Bu benim ilk kitabım. Yani acemiyim; ama hayal gücüme ve zekama güveniyorum. Yine de eksik bir şey bulursanız lütfen yorum yapmaktan kaçınmayın. Her türlü yoruma açığım. Sonuçta eleştirilmeden hiçbir şeyde profesyonel olamayız ve ben Fransızım; ama annem Türk yani Türkçe biliyorum. Yine de yazım hataları olabilir. Şimdiden hepinizi seviyorum ;)

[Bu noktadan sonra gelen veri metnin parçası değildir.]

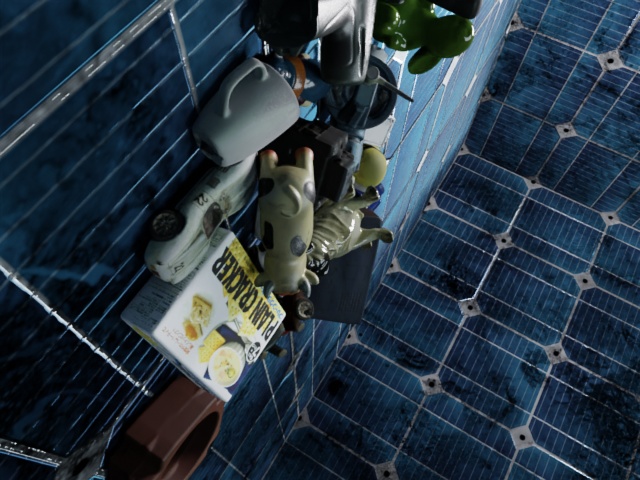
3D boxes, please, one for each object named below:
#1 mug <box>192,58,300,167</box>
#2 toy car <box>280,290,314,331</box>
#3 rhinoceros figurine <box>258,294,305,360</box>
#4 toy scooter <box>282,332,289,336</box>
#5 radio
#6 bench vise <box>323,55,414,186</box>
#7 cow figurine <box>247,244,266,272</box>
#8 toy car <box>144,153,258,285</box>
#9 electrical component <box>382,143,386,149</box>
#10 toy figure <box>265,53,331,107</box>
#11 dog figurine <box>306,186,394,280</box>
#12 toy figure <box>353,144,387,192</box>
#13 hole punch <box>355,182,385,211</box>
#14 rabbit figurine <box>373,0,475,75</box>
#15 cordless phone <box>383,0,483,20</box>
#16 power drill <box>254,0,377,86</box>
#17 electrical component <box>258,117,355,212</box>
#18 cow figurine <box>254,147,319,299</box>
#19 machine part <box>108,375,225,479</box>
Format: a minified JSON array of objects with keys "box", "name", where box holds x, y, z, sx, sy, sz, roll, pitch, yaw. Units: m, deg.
[{"box":[-0.085,-0.136,0.581,0.107,0.081,0.109,-48,169,-18],"name":"mug"},{"box":[-0.042,0.063,0.972,0.089,0.053,0.202,-21,-114,53],"name":"toy car"},{"box":[-0.088,0.145,1.056,0.073,0.112,0.190,7,114,-45],"name":"rhinoceros figurine"},{"box":[-0.055,0.142,1.180,0.135,0.075,0.184,-33,-174,28],"name":"toy scooter"},{"box":[0.036,0.048,1.073,0.073,0.131,0.229,-126,-135,-69],"name":"radio"},{"box":[0.053,-0.197,0.833,0.240,0.129,0.223,165,-54,-85],"name":"bench vise"},{"box":[-0.106,0.071,0.919,0.068,0.098,0.167,-59,-174,-35],"name":"cow figurine"},{"box":[-0.133,-0.039,0.640,0.202,0.056,0.073,-55,165,-26],"name":"toy car"},{"box":[0.114,-0.222,1.198,0.075,0.048,0.119,-60,166,-10],"name":"electrical component"},{"box":[-0.035,-0.201,0.678,0.058,0.064,0.154,-28,178,28],"name":"toy figure"},{"box":[-0.002,-0.006,0.882,0.190,0.121,0.172,-26,-177,-24],"name":"dog figurine"},{"box":[0.090,-0.162,1.077,0.180,0.082,0.089,-77,-170,-59],"name":"toy figure"},{"box":[0.074,-0.112,1.150,0.142,0.116,0.092,-42,148,-55],"name":"hole punch"},{"box":[0.171,-0.346,0.903,0.121,0.170,0.159,-58,165,-12],"name":"rabbit figurine"},{"box":[0.136,-0.369,0.701,0.089,0.184,0.146,-51,164,-23],"name":"cordless phone"},{"box":[0.007,-0.288,0.600,0.207,0.086,0.231,-43,140,-60],"name":"power drill"},{"box":[-0.018,-0.110,0.760,0.058,0.134,0.114,-47,158,-47],"name":"electrical component"},{"box":[-0.042,-0.008,0.703,0.127,0.085,0.194,-92,-175,-45],"name":"cow figurine"},{"box":[-0.253,0.339,0.894,0.201,0.087,0.200,-48,162,-48],"name":"machine part"}]

Karanlık. Sadece karanlık.Buraya nasıl gelmiştim? Ne zaman gelmiştim? Kaç gündür buradaydım? Hepsini geçtim ben neden buradayım? Bağırmak,etrafı incelemek istiyordum; fakat şuan sadece olduğum yerde duruyorum.Tamam Biray. Sağlıklı düşün. İlk önce hafızamı kontrol etmeliyim;
Adım ne: Biray Akay
Kaç yaşındayım: 15
Göz rengim, saç rengim, kilom ve boyum neler: Ela gözlüyüm,kahverengi uzun ve düz saçlıyım, 1.67 boydayım ve 45 kiloyum.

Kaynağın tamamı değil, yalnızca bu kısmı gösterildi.